Es leitet sich laut Corcilius vom Verb phainomai (erscheine, sichtbar sein, sich zeigen) und ist das daraus gebildete nomen abstractum. Die Vorstellung bleibt und gleicht den Wahrnehmungen, daher handeln die Tiere danach, weil sie keine Vernunft haben, eine etwas erstaunliche Feststellung, Tiere mit phantasia. Bei den Menschen werden die Vorstellungen wirksam, weil die Vernunft zeitweilig durch die Leidenschaften, Krankheiten und Schlaf verdeckt ist.

Die von der phantasia aufbewahrten Wahrnehmungensinhalte können auch deshalb täuschend und falsch sein, weil sie nicht mehr den aktuellen Wahrnehmungen entsprechen oder weil die phantasia nicht über ein dem Denken analoges Urteilsvermögen verfügt.

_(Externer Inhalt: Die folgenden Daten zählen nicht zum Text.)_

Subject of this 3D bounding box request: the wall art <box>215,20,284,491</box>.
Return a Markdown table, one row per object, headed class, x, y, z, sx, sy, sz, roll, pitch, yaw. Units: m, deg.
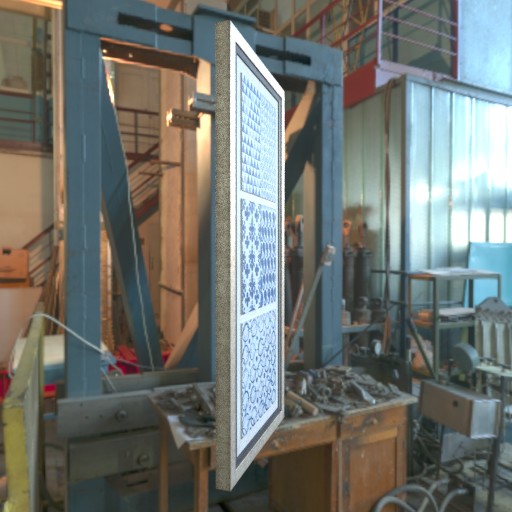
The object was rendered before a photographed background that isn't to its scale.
| class | x | y | z | sx | sy | sz | roll | pitch | yaw |
| --- | --- | --- | --- | --- | --- | --- | --- | --- | --- |
| wall art | 0.000 | 0.000 | 1.688 | 0.051 | 1.461 | 0.648 | 0 | 1 | 19 |
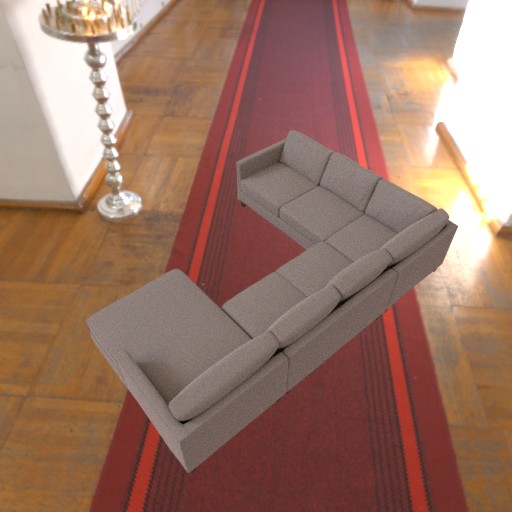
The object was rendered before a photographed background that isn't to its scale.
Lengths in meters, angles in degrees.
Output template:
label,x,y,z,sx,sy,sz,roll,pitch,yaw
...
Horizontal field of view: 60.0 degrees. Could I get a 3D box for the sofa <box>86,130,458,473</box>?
label,x,y,z,sx,sy,sz,roll,pitch,yaw
sofa,0.000,0.000,4.576,3.438,0.865,2.424,-31,53,-27

Dennoch scheint die phantasia ein notwendiges Requisit für das Denken zu sein

 

4. Kapitel

 

In diesem Kapitel wird das Denkvermögen (nous) vorgestellt, ein Teil der Seele, mit dem sie erkennt und einsieht (phronei), nicht ob dieser Teil der Größe nach abtrennbar (choristou) oder dem Begriff (logos) nach abtrennbar ist. Damit ist gemeint, ob das Denken ein selbständiger Teil der Seele ist, der einen spezifischen Unterschied zu den anderen Teilen wie die Wahrnehmung aufweist. Zuerst wird das Denken dem Wahrnehmen analog gesetzt, indem es ein Erleiden durch den denkbaren Gegenstand wäre oder Derartiges. Aber das Denken muss fähig sein alle denkbaren Formen aufzunehmen, zugleich ist es unaffizierbar (apathes).

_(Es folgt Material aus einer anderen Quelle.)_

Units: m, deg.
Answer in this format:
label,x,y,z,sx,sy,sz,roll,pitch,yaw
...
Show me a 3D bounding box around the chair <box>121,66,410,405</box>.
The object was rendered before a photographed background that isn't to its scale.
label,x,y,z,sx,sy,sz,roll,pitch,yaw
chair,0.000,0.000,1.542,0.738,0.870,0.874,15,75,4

Das Denken muss sich zu den denkbaren Gegenständen verhalten wie das Wahrnehmungsvermögen zu den wahrnehmbaren Gegenständen, dem Vermögen nach von ihrer Beschaffenheit, aber nicht die Form selbst. Sie muss unvermischt sein, wie Anaxagoras sagt: „damit sie herrsche“, das heißt, damit sie erkenne, denn das Fremde, das dazwischen kommt steht im Weg. Daher besitzt das Denken keine körperliche Natur, sie ist ein reines Vermögen. Die Vernunft oder das Denken der Seele (tes psyches nous), als diskursiv (dianoeitai) und Annahmen machen verstanden, ist der Wirklichkeit nach keines von den seienden Dingen, bevor es nicht denkt.

Das Denken, als unvermischt mit dem Körper hat demnach kein Organ wie das Wahrnehmungensvermögen. Fast um sich etwas von gerade geäußerten zu distanzieren gibt Aristoteles denen recht, die sagen, die Seele sei der Ort der Formen, mit den Einschränkungen, das es nur denkfähige Teil der Seele ist und nur dem Vermögen nach. Nur auf grund der eigenen Formlosigkeit kann das Denken alles denken.

Die Unaffizierbarkeit ist eine andere als beim Wahrnehmungsvermögen, wo nach heftigen Einwirkungen nicht mehr wahrgenommen wird. Das Denken steigert sich, wenn es etwas in hohen Maße Denkbares gedacht hat, denkt es geringere Gegenstände auch intensiver. Während die Wahrnehmung nicht ohne Körper sein kann, ist die Vernunft abtrennbar, und kann daher zu jeden einzelnen Denkgegenstand werden, wie es von den wirklich Wissenden (epistemon) ausgesagt wird. Das tritt ein, wenn das Denken durch sich selbst tätig werden kann, sie bleibt noch auf gewisse Weise dem Vermögen nach, aber nicht so wie vor dem Lernen oder Herausfinden (mathein he eurein).

 

Dann vermag das Denken auch sich selbst zu denken -

 

und damit verlassen wir das menschlich Denken und nähern und dem göttlichen Denken des Denkens.